Poland's First EU Fight Is Brewing and It's Not What You Think

Poland Moves to Right in Majority Election Vote
  • New government will seek concessions over climate rules
  • Poland is the biggest producer of coal in European Union

As Poland’s new government promises to be more assertive over everything from refugees to how to handle Russia, the first battle with Brussels is already looming and may prove to be just as divisive.

The Law & Justice party, which is on course for an unprecedented parliamentary majority, will fight for special treatment under the European Union climate pact, according to Konrad Szymanski, the likely next minister responsible for EU affairs. As the continent’s largest producer of coal, Poland wants concessions going beyond what European leaders decided last year or it will seek an opt-out from the pact.

“I thought that migration is the most difficult issue in Europe but now it looks like it’s going to be climate policies,” Szymanski said in an interview in Warsaw two days before the Oct. 25 election. “With regard to migration, Europe is moving toward pragmatism. In climate, I can’t see an acceptable solution at this moment.”

The EU wants to be a leader in the global fight against climate change. Its 28 members agreed the bloc should cut greenhouse-gas emissions by at least 40 percent by the end of the next decade compared with 1990. Now in Poland it faces opposition from a government set to be led by the daughter of a miner and a party that promises to champion a coal industry that employs almost 100,000 people and is bleeding money.

Polish Veto

Polish President Andrzej Duda, whose victory in May started Law & Justice’s push for power, on Tuesday vetoed the ratification of a 2012 United Nations agreement to extend pollution limits under the Kyoto Protocol, saying it needed more economic and legal analyses. Under that deal, the EU agreed to cut greenhouse gases 20 percent by 2020, in line with an already existing domestic target.

The parliament can overturn the veto with a three-fifths majority, and might do so once new studies have been considered.

The 2030 goal, which already includes some mechanisms to make emissions cuts less costly for countries in eastern Europe, is the EU’s contribution to a more recent UN deal that envoys aim to seal at a conference in Paris in December.

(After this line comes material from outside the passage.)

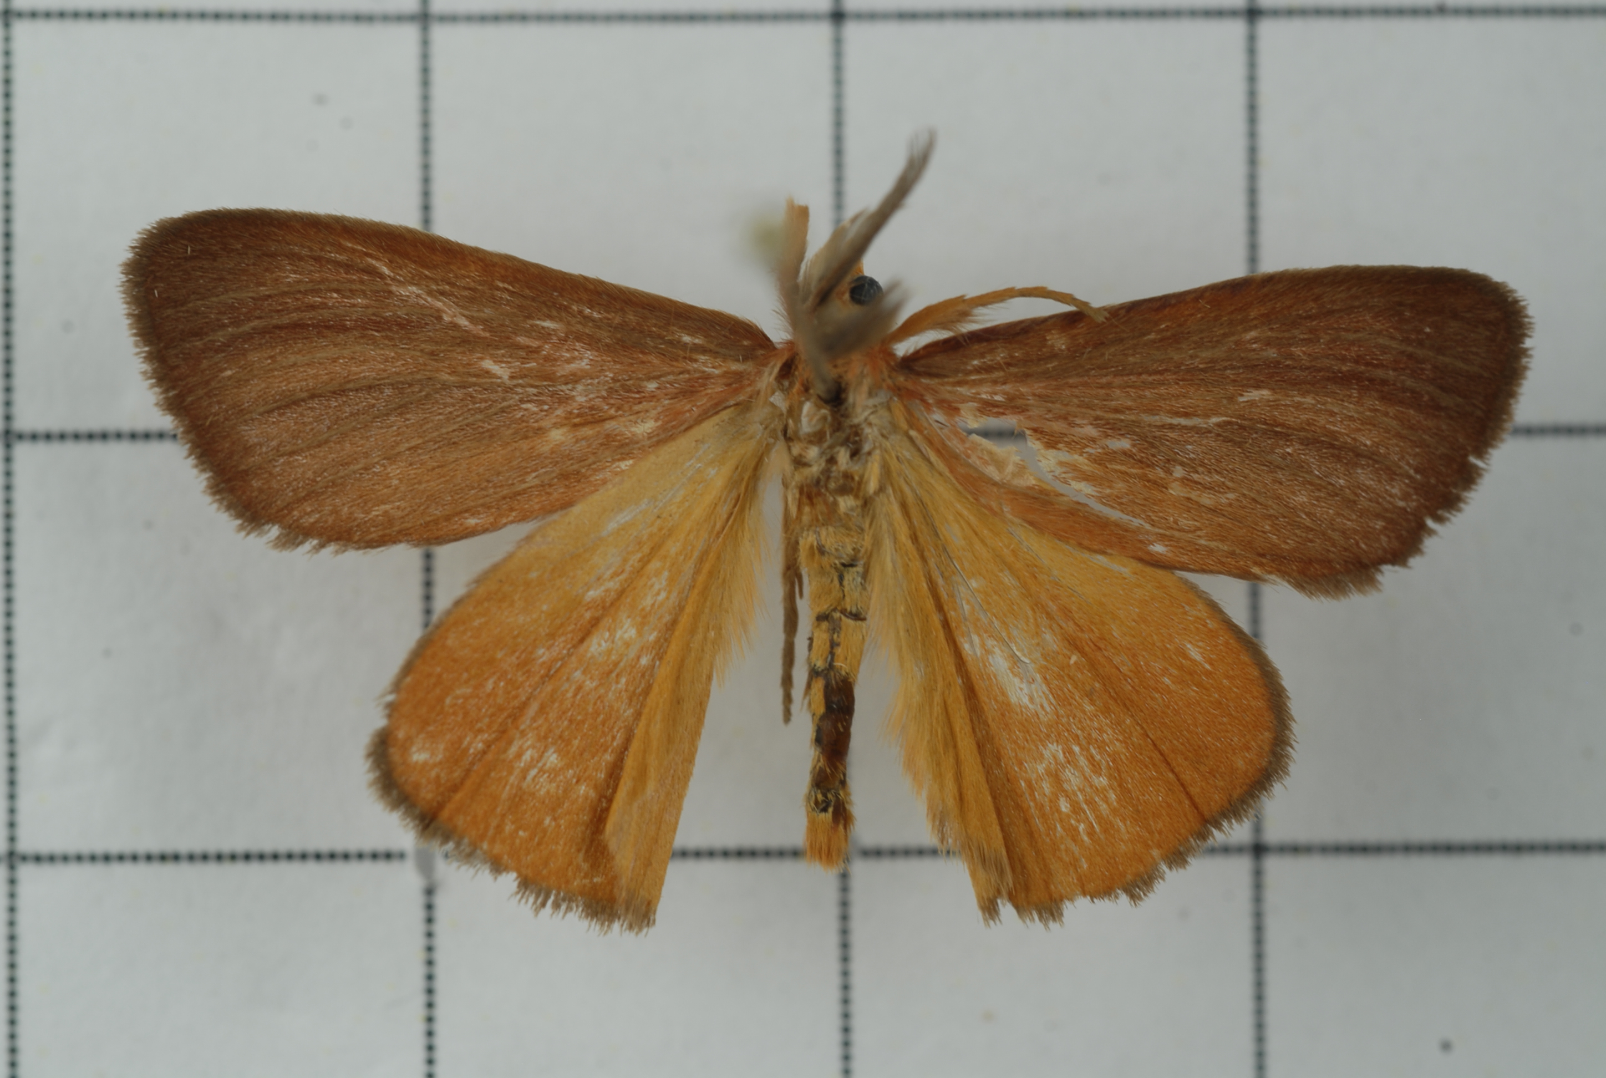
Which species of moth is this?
Pantana substrigosa

The EU climate and energy pact for the next decade won unanimous support from the bloc’s leaders in October last year. The political agreement was followed by a draft law proposed by the European Commission to accelerate the pace of carbon-dioxide reductions in the EU emissions trading system. In the first half of next year the commission is also due to put forward legislation on how to divide among member states the burden of pollution cuts outside the carbon market.

‘Strategic Problem’

It all adds up to a burden for the Polish economy and should never have been signed by the outgoing Polish government, according to Szymanski. Polish sticking points include the proposed involvement of the European Investment Bank in selecting projects eligible for EU aid under a modernization fund and the planned rules on carbon efficiency standards.

“Even if those were amended, we still have a strategic problem because even with all the things in the box we are not in a position to compensate the Polish energy sector and industry for the losses they will have to bear,” Szymanski said. “The opt-out scenario on the table shows the level of the difficulty to find a solution.”

Poland will not be able to foot the bill for emission reductions under the current plans, according to Law & Justice. EU allowances fell 0.4 percent to 8.63 euros a metric ton on Tuesday on the ICE Futures Europe exchange in London and analysts’ predictions of it tripling in the next decade are “conservative,” Szymanski said.

“We will be seeking adequate compensation mechanisms,” he said. “We will uphold proposals that have already been floated by the Polish industry and utilities. We won’t stop at measures already proposed under the package; we’ll go beyond that.”

Poland has a large potential to cut emissions by modernizing its aging coal-based energy generation, Szymanski said. While the country’s energy mix will be evolving to include a bigger share of renewables, the pace of change will need to be adjusted to the geographic, political and economic conditions, according to Law & Justice.

“Europe has to consider various ways of lowering pollution,” said Szymanski, who previously was a member of the European Parliament. “It seems to me that some industries abuse EU climate policies to strengthen their market position.”